In the 1975 ruling of Sow Chandra Kanta And Another v. Sheik Habib, Justice Krishna Iyer observed that a review can be permitted ‘only where a glaring omission or patent mistake or like grave error has crept in earlier by judicial fallibility’. While laying down nine grounds for upholding a review, the court in Union of India v. Sandur Manganese & Iron Ores Ltd. (2013) clarified that a ‘review is by no means an appeal in disguise whereby an erroneous decision is reheard and corrected but lies only for patent error’. It added that the mere possibility of two views on the subject cannot be a ground for review.

More recently, in October, a division bench of the Supreme Court in Sanjay Agarwal v. State Tax Officer cautioned that observations made by a coordinate bench about a judgment cannot be a ground to review it.

Is there a remedy if a review petition fails?

Since the Supreme Court is the ‘court of last resort’, its judgments cannot result in a miscarriage of justice. Accordingly, in Roopa Hurra v. Ashok Hurra (2002), the court itself evolved the concept of a curative petition — which can be heard after a review is dismissed to prevent abuse of its process. Like a review petition, a curative petition is also entertained on very narrow grounds and is generally not allowed an open court hearing.

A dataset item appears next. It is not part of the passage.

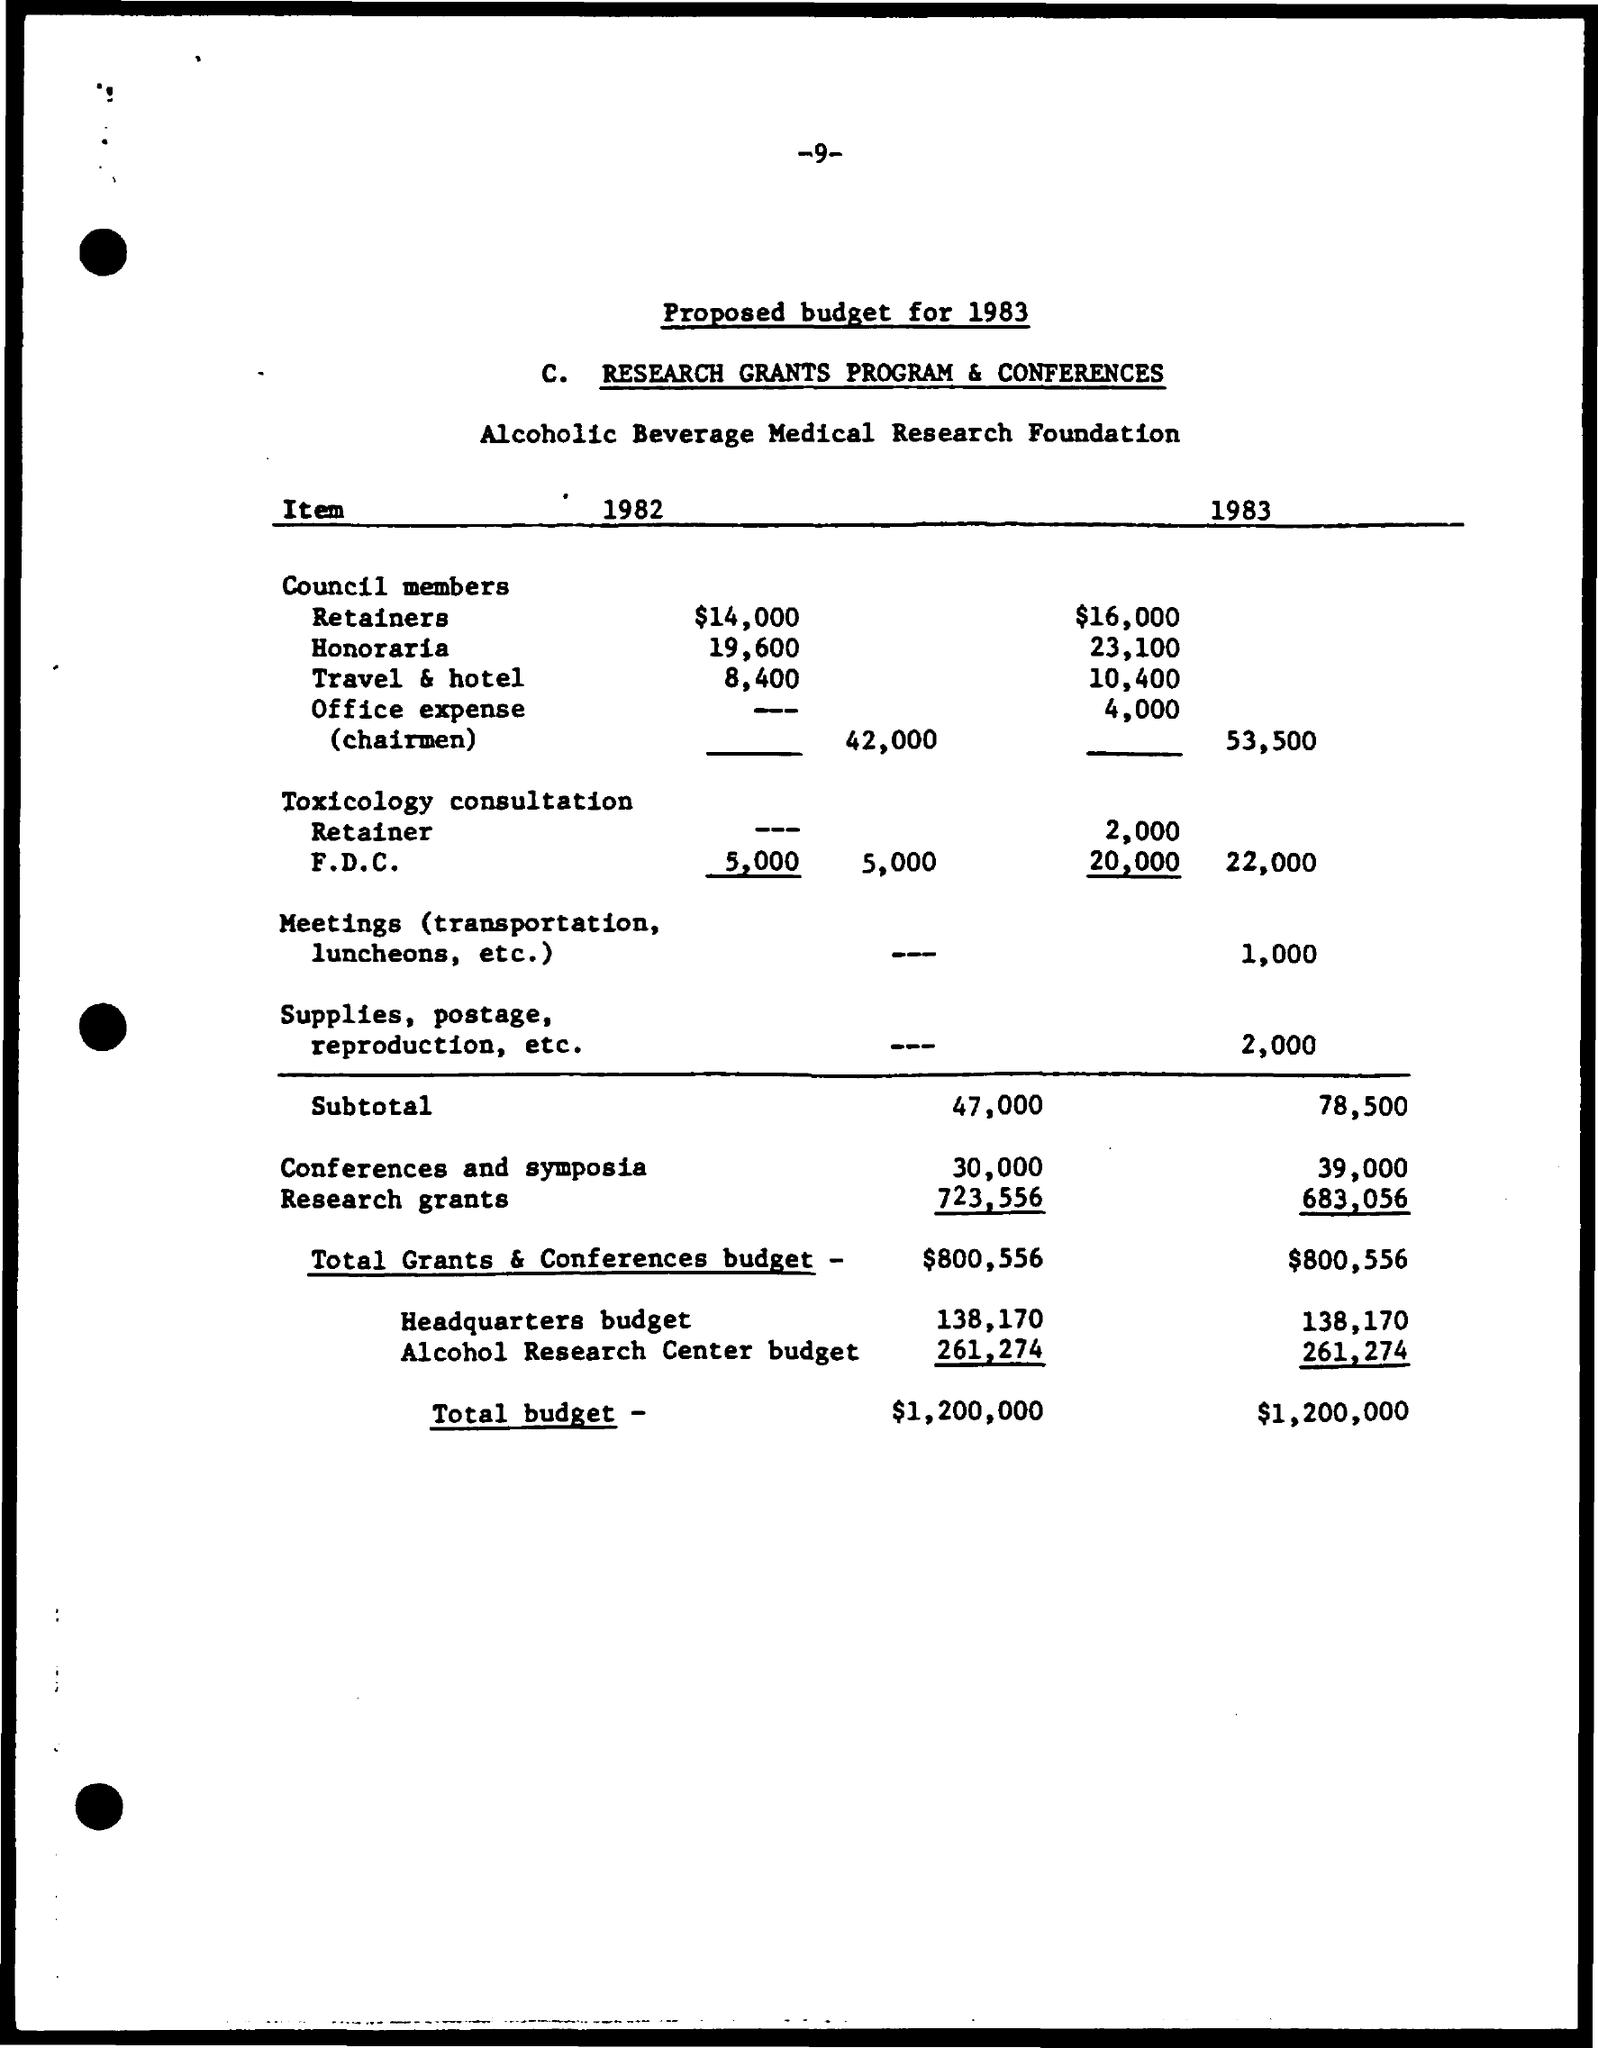Mention a couple of crucial points in this snapshot. As of 1983, the cost for retainers was 16,000. The subtotal for 1982 is 47,000. The subtotal for 1983 is 78,500. In 1983, the cost for travel and hotel was 10,400. Please provide the title of the document in question: 'Proposed budget for 1983.'

Such petitions are heard by the five senior-most judges of the Supreme Court only on the grounds of violation of principles of natural justice, question of bias against the presiding judge, and abuse of the court process. This jurisdiction is exercised sparingly only in the rarest of circumstances. Some notable interventions in this regard include — National Commission for Women v. Bhaskar Lal Sharma (2013), Navneet Kaur v. NCT Delhi (2014), Yakub Menon v. State of Maharashtra (2015), and Union Carbide v. Union of India (2023).

Concerns raised

As per the existing rules, a review petition is to be considered by the same Bench unless the same judges are not available. Taking advantage of this loophole, some reviews are intentionally filed after the retirement of a judge(s) in a bid to achieve a favorable outcome. Castigating such a practise, the Supreme Court in Vedanta v. Goa Foundation (2021) came down heavily on the State of Goa and mining giant Vedanta for filing delayed review petitions after the judges who decided the mining lease case and delivered the judgment in the same back in 2018, retired from office. A bench led by Justice DY Chandrachud warned — ‘Such practise must be firmly disapproved to preserve the institutional sanctity of the decision making of this Court.’

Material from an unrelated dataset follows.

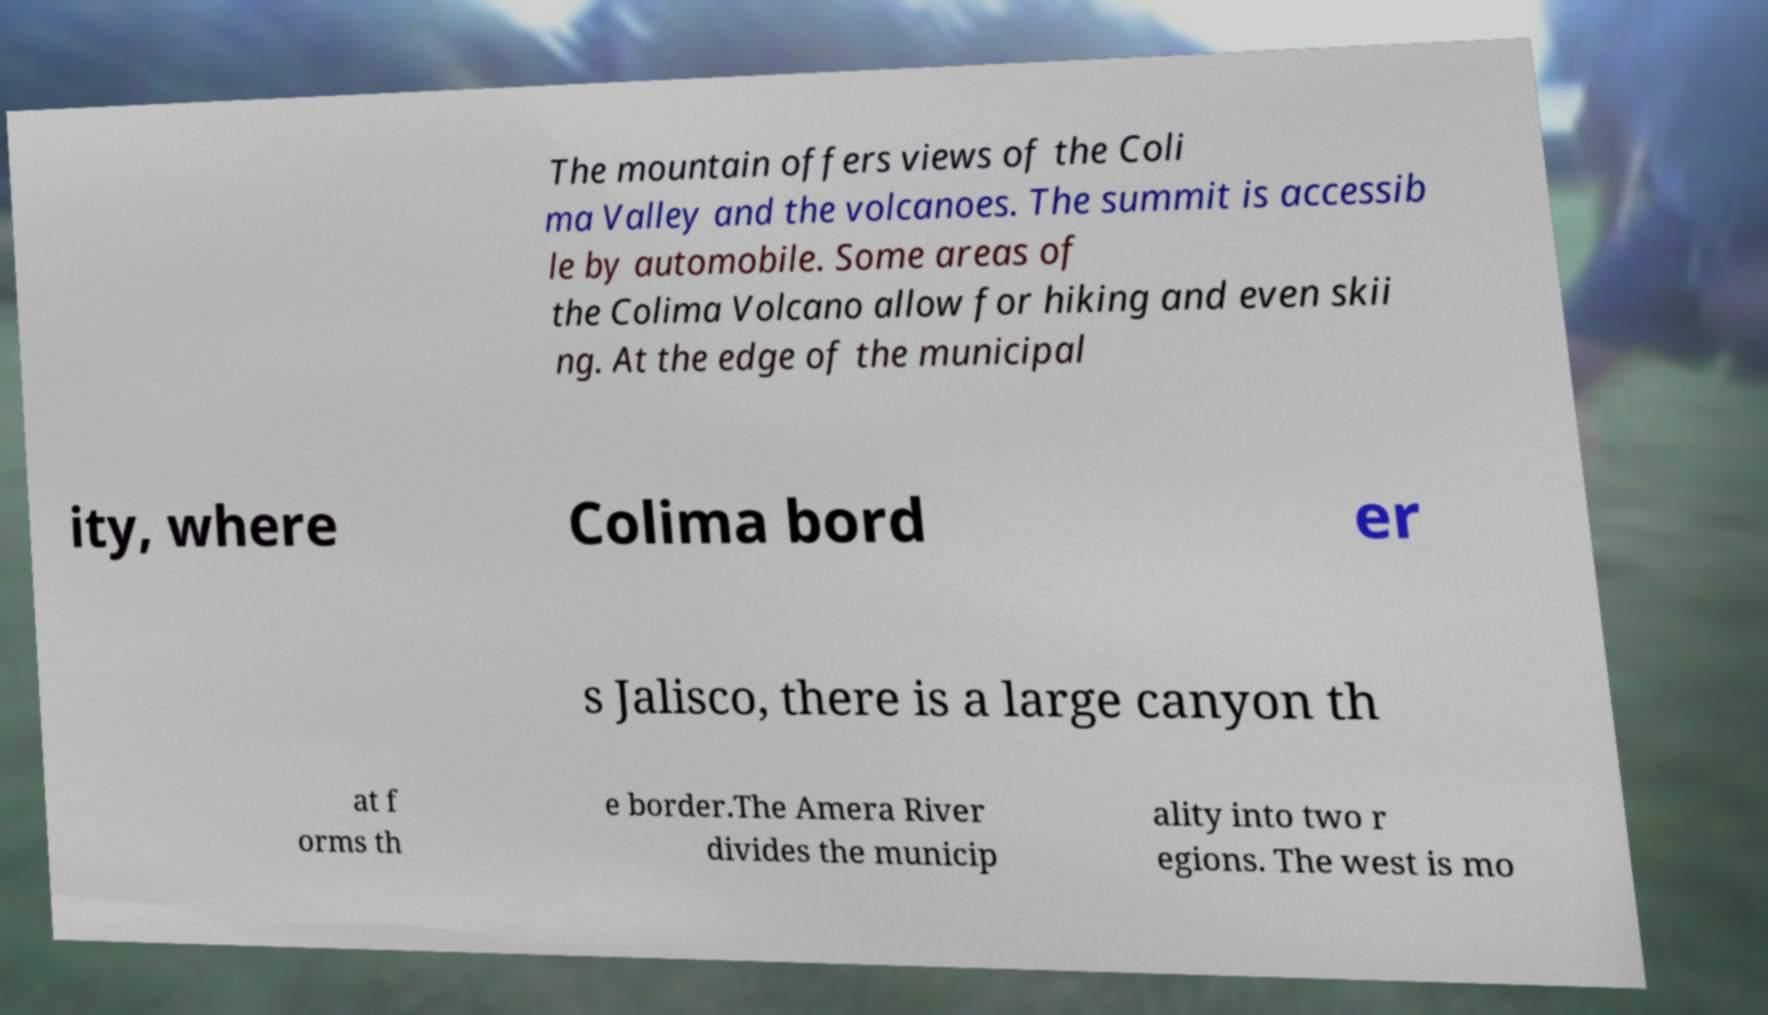What messages or text are displayed in this image? I need them in a readable, typed format. The mountain offers views of the Coli ma Valley and the volcanoes. The summit is accessib le by automobile. Some areas of the Colima Volcano allow for hiking and even skii ng. At the edge of the municipal ity, where Colima bord er s Jalisco, there is a large canyon th at f orms th e border.The Amera River divides the municip ality into two r egions. The west is mo

Another contentious issue is the purported creation of a new jurisdiction — an intra-court appeal. It is a trite law that the Supreme Court does not sit in appeal over itself. However, in recent times, attempts have been made to avail this new relief by misusing the Chief Justice’s administrative powers, in specific his ‘master of the roster’ powers. This is carried out by first filing a recall application and mentioning it before the Chief Justice’s Bench following which a stay order is granted by the Chief Justice against the impugned order. This has happened recently in the case of Ritu Chhabaria v. Union of India and Others (2023) on default bail and in an abortion case.

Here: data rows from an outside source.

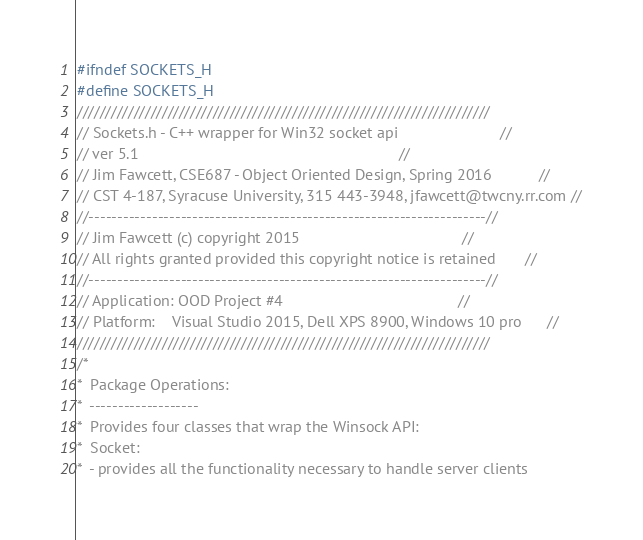Convert code to text. <code><loc_0><loc_0><loc_500><loc_500><_C_>#ifndef SOCKETS_H
#define SOCKETS_H
/////////////////////////////////////////////////////////////////////////
// Sockets.h - C++ wrapper for Win32 socket api                        //
// ver 5.1                                                             //
// Jim Fawcett, CSE687 - Object Oriented Design, Spring 2016           //
// CST 4-187, Syracuse University, 315 443-3948, jfawcett@twcny.rr.com //
//---------------------------------------------------------------------//
// Jim Fawcett (c) copyright 2015                                      //
// All rights granted provided this copyright notice is retained       //
//---------------------------------------------------------------------//
// Application: OOD Project #4                                         //
// Platform:    Visual Studio 2015, Dell XPS 8900, Windows 10 pro      //
/////////////////////////////////////////////////////////////////////////
/*
*  Package Operations:
*  -------------------
*  Provides four classes that wrap the Winsock API:
*  Socket:
*  - provides all the functionality necessary to handle server clients</code>

Deprecating such a practice, a Supreme Court bench comprising Justices Hima Kohli and B.V. Nagarathna rebuked the Union government for orally mentioning before CJI D.Y. Chandrachud that an order passed by the bench allowing the termination of a pregnancy that had crossed over 24 weeks should be recalled. Without mincing any words, Justice Nagarathna remarked — ‘We do not appreciate this. If the Union of India starts doing this, private parties will also start doing this. We are an integral court. Every Bench of the Supreme Court is the Supreme Court’.